__Listed entries__:
..........

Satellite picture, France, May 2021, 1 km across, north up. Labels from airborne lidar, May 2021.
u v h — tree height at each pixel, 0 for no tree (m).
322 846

..........

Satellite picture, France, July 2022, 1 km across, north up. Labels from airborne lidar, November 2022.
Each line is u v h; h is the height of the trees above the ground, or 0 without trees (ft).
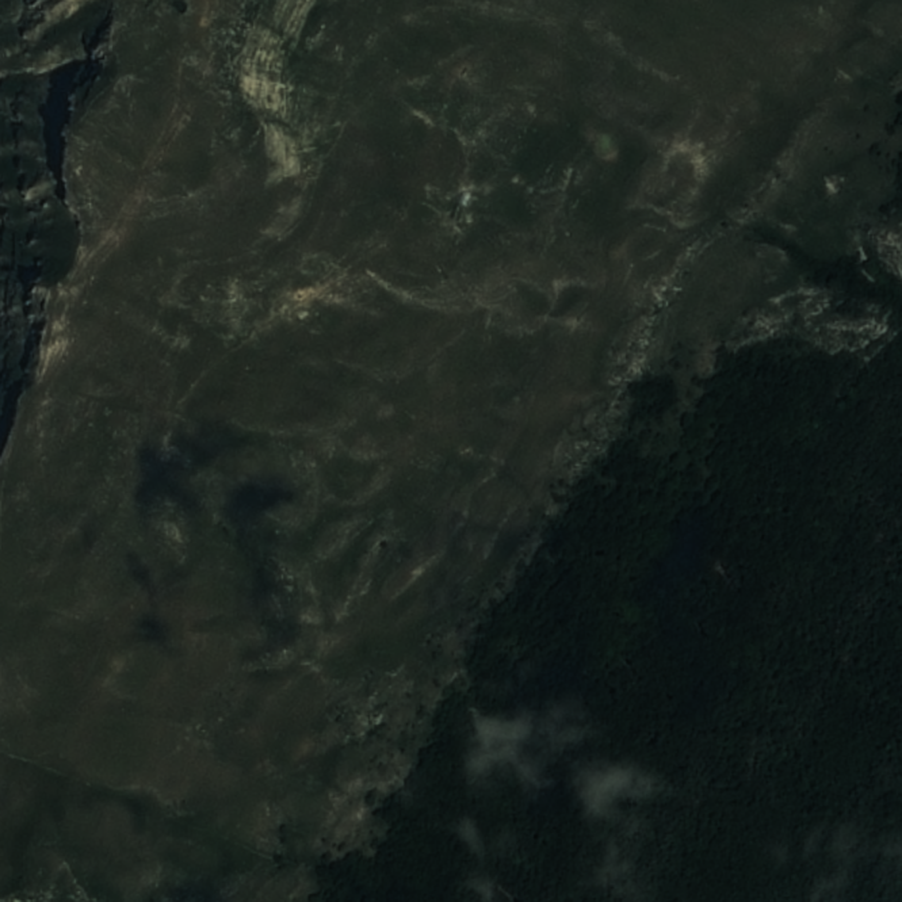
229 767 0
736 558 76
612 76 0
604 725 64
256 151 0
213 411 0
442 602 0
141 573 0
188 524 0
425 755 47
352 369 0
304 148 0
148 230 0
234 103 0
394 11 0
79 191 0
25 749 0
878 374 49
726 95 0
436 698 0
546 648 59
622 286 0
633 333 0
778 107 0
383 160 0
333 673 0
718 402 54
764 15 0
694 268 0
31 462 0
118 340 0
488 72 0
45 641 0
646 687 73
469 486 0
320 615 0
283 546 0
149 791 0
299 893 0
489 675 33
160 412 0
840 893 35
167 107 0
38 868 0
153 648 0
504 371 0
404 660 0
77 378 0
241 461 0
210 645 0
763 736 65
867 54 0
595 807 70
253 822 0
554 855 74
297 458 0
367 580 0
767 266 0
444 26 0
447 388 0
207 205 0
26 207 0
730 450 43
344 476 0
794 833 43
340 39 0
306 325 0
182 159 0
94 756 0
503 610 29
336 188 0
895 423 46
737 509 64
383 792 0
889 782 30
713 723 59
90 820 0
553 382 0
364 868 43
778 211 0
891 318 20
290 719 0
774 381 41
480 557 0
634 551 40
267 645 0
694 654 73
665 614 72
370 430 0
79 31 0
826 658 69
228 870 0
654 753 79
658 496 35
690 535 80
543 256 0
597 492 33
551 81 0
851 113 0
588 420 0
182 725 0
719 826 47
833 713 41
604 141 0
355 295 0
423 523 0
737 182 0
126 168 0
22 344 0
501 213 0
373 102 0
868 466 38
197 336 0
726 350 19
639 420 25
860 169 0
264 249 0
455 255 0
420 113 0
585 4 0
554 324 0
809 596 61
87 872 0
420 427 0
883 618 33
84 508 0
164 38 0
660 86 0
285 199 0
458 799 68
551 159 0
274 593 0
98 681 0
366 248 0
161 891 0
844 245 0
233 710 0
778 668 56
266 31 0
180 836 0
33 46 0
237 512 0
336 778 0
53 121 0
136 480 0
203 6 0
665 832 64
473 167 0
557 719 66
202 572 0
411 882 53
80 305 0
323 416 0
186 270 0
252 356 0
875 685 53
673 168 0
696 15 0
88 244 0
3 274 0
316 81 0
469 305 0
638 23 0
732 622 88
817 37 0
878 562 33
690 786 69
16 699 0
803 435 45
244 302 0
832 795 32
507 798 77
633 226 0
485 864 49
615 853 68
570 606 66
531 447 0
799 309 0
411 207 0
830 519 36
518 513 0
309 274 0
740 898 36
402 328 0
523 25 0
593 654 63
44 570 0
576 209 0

..........

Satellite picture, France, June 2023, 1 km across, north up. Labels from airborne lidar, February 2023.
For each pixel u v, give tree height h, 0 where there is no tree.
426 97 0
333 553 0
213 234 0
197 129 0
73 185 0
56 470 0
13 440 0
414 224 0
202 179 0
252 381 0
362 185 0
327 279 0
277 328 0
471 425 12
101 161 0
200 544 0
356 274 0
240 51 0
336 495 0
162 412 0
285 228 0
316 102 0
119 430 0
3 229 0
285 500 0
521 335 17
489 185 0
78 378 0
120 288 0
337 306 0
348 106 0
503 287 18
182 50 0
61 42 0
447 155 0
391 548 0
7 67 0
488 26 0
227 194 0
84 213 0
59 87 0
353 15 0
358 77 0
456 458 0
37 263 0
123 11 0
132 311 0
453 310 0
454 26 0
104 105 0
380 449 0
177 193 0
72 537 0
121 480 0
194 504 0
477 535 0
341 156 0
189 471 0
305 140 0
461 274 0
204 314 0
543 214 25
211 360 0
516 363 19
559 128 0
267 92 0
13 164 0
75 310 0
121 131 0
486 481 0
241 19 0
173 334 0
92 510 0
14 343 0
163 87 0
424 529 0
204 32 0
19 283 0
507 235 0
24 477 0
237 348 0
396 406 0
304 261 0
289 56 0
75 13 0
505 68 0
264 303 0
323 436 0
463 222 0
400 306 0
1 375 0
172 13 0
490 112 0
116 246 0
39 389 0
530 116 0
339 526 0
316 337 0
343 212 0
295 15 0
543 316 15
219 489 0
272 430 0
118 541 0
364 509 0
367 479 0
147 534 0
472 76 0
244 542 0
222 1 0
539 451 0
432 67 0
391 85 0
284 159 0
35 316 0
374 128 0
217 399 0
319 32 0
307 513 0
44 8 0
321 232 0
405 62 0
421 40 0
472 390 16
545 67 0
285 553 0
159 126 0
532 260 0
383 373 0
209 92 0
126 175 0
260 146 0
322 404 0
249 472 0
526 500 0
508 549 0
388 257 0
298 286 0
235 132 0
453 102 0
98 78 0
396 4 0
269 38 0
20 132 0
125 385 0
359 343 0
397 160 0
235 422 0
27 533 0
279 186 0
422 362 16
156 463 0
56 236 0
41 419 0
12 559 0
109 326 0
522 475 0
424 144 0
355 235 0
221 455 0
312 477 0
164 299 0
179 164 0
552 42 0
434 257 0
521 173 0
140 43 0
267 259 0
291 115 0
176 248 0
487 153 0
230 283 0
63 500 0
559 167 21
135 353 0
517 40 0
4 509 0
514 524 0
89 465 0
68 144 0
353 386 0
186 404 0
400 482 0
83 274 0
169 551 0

..........

__Work item__:
Please show each line in the records above that contains "pixel".

__Response below__:
u v h — tree height at each pixel, 0 for no tree (m).
For each pixel u v, give tree height h, 0 where there is no tree.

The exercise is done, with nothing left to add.